- Data records

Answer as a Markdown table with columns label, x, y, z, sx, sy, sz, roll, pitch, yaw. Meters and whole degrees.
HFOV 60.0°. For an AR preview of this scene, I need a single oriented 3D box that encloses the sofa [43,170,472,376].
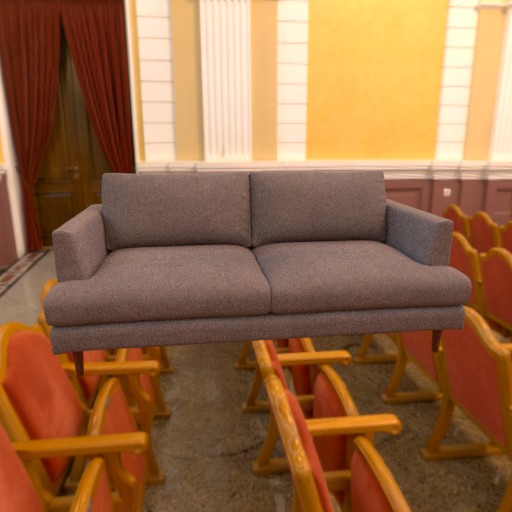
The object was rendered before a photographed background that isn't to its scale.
| label | x | y | z | sx | sy | sz | roll | pitch | yaw |
| --- | --- | --- | --- | --- | --- | --- | --- | --- | --- |
| sofa | 0.000 | 0.000 | 2.448 | 1.948 | 0.868 | 1.020 | -2 | 16 | -7 |
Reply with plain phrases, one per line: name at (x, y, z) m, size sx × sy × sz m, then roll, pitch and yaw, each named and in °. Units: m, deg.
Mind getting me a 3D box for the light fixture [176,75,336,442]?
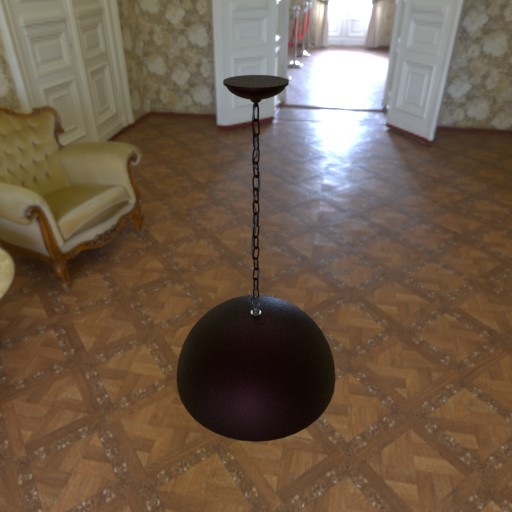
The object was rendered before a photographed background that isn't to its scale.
light fixture at (0.000, 0.000, 1.164) m, size 0.492 × 0.869 × 0.492 m, roll -21°, pitch 37°, yaw -30°
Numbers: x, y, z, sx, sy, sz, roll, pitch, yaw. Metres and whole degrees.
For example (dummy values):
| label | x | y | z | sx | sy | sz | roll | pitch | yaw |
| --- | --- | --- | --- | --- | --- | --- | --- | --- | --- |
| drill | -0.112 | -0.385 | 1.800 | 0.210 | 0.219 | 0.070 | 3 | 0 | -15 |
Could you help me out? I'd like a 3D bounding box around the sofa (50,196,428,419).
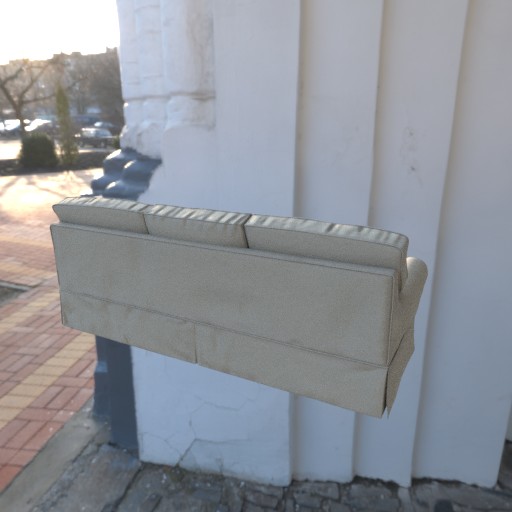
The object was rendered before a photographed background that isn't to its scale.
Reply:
| label | x | y | z | sx | sy | sz | roll | pitch | yaw |
| --- | --- | --- | --- | --- | --- | --- | --- | --- | --- |
| sofa | 0.000 | 0.000 | 3.383 | 2.475 | 0.978 | 1.733 | 9 | 19 | 26 |
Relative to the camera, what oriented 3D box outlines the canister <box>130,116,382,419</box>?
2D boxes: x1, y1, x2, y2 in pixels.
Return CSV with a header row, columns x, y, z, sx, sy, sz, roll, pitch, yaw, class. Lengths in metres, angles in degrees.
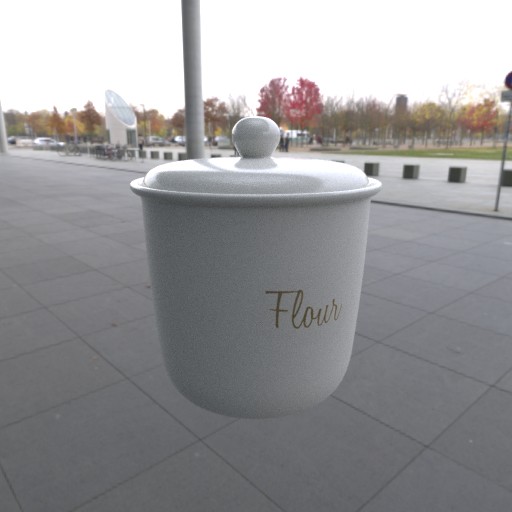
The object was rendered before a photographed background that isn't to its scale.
x,y,z,sx,sy,sz,roll,pitch,yaw,class
0.000,0.000,0.346,0.182,0.208,0.182,0,15,0,canister
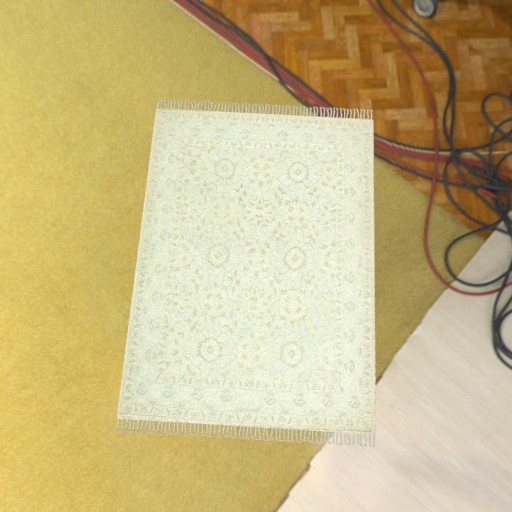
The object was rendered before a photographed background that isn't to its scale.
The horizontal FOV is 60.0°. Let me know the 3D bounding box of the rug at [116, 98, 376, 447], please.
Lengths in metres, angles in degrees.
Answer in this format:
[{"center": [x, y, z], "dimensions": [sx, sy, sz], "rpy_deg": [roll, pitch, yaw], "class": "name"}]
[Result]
[{"center": [0.000, 0.000, 2.292], "dimensions": [1.223, 0.015, 1.771], "rpy_deg": [3, 76, 1], "class": "rug"}]
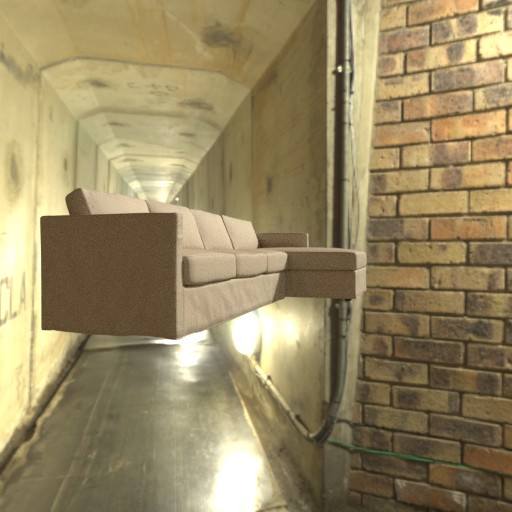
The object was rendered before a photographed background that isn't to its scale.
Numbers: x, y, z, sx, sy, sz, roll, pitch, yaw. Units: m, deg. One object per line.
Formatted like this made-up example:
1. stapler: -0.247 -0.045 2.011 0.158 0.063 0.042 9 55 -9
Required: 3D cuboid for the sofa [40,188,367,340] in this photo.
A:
1. sofa: 0.000 0.000 3.868 1.622 0.871 3.206 0 1 19

- What to work on
If a line in the material contains the word "oriented", copy that line.

- Answer space
HFOV 60.0°. For an AR preview of this scene, I need a single oriented 3D box that encloses the sofa [43,170,472,376].
Relative to the camera, what oriented 3D box outlines the canister <box>130,116,382,419</box>?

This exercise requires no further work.